Column definitions for the manually-checked title subset.
=========================================================

The **manual_title_subset.tsv** is largely a subset of **titlemeta.tsv,** and definitions for most of the columns can be found in [**titlemeta_data_dictionary.md**](https://github.com/tedunderwood/noveltmmeta/blob/master/metadata/titlemeta_data_dictionary.md).

However, there are a few added columns that need explanation.

**realname** and **pseudonym** gave us places to manually enter information about names for an author other than the name used in library metadata. If a pseudonym is generally used in metadata, we may provide a **realname,** for instance. However, this aspect of data correction was done casually; we do not promise to have made all possible corrections, and we have not tried to link authors to a name authority.

**gender** is recorded as (m)asculine, (f)eminine, or (u)nknown or other. We agree that better, more complex schemes of gender encoding exist, but we decided that it was better to have some information here than none.

**firstpub** records date of first publication for the work, as best as we could infer.

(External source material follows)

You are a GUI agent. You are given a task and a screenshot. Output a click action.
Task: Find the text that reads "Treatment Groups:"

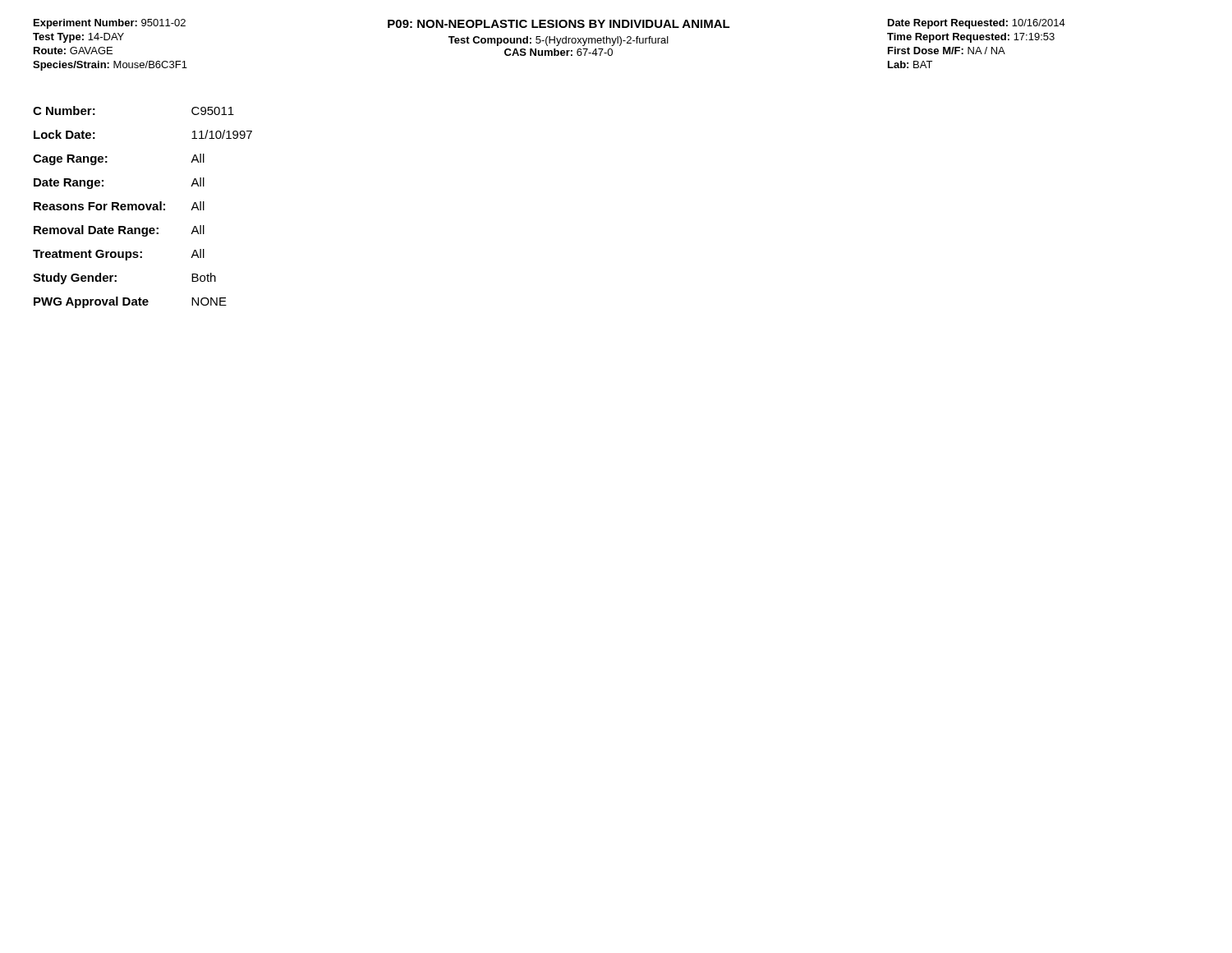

We recorded **nationality**, when known, using the following codes:

uk (England/Scotland)

us (USA)

ca (Canada)

ir (Ireland)

au (Australia)

nz (New Zealand)

sa (South Africa)

de (Germany)

fr (France)

it (Italy)

es (Spain)

me (Mexico)

ru (Russia)

be (Belgium)

ch (China)

gk (Greece)

aus (Austria)

lit (Lithuania)

cu (Cuba)

ni (Nigeria)

jp (Japan)

ar (Argentina)

nic (Nicaragua)

ph (Phillippines)

cmr (Cameroon)

pk (Pakistan)

swe (Sweden)

no (Norway)

in (India)

ba (Barbados)

da (Denmark)

po (Poland)

ru (Russia)

bu (Bulgaria)

kn (Kenya)

is (Israel)

gui (Guinea)

cz (Czech Republic)

pr (Puerto Rico)

We corrected **shorttitle** in cases where it was clearly in error, for instance, when a volume bore a title like *Collected Works* instead of something more specific.

**category** contains a rough genre categorization. Options include *poetry, drama, notfiction, juvenile, shortfiction,* and *longfiction.* We avoided terms like "novel" and "short story" because we don’t want to bog down in debates about whether, for instance, sketches and folk tales are short stories *sensu stricto.* Since genre, form, and audience are in principle separable, it would be possible to assign multiple tags to indicate, for instance, that a volume is juvenile nonfiction. In practice this report is focused on fiction, so we assigned only a single value in this column; we have not attempted to subdivide poetry, drama, or nonfiction by audience.

Please note that columns not mentioned above do *not* contain our own judgments about a work, but rather metadata extracted from MARC records. For instance, the **genres** column is extracted from several different MARC fields, and will often contain wrong, missing, or contradictory information.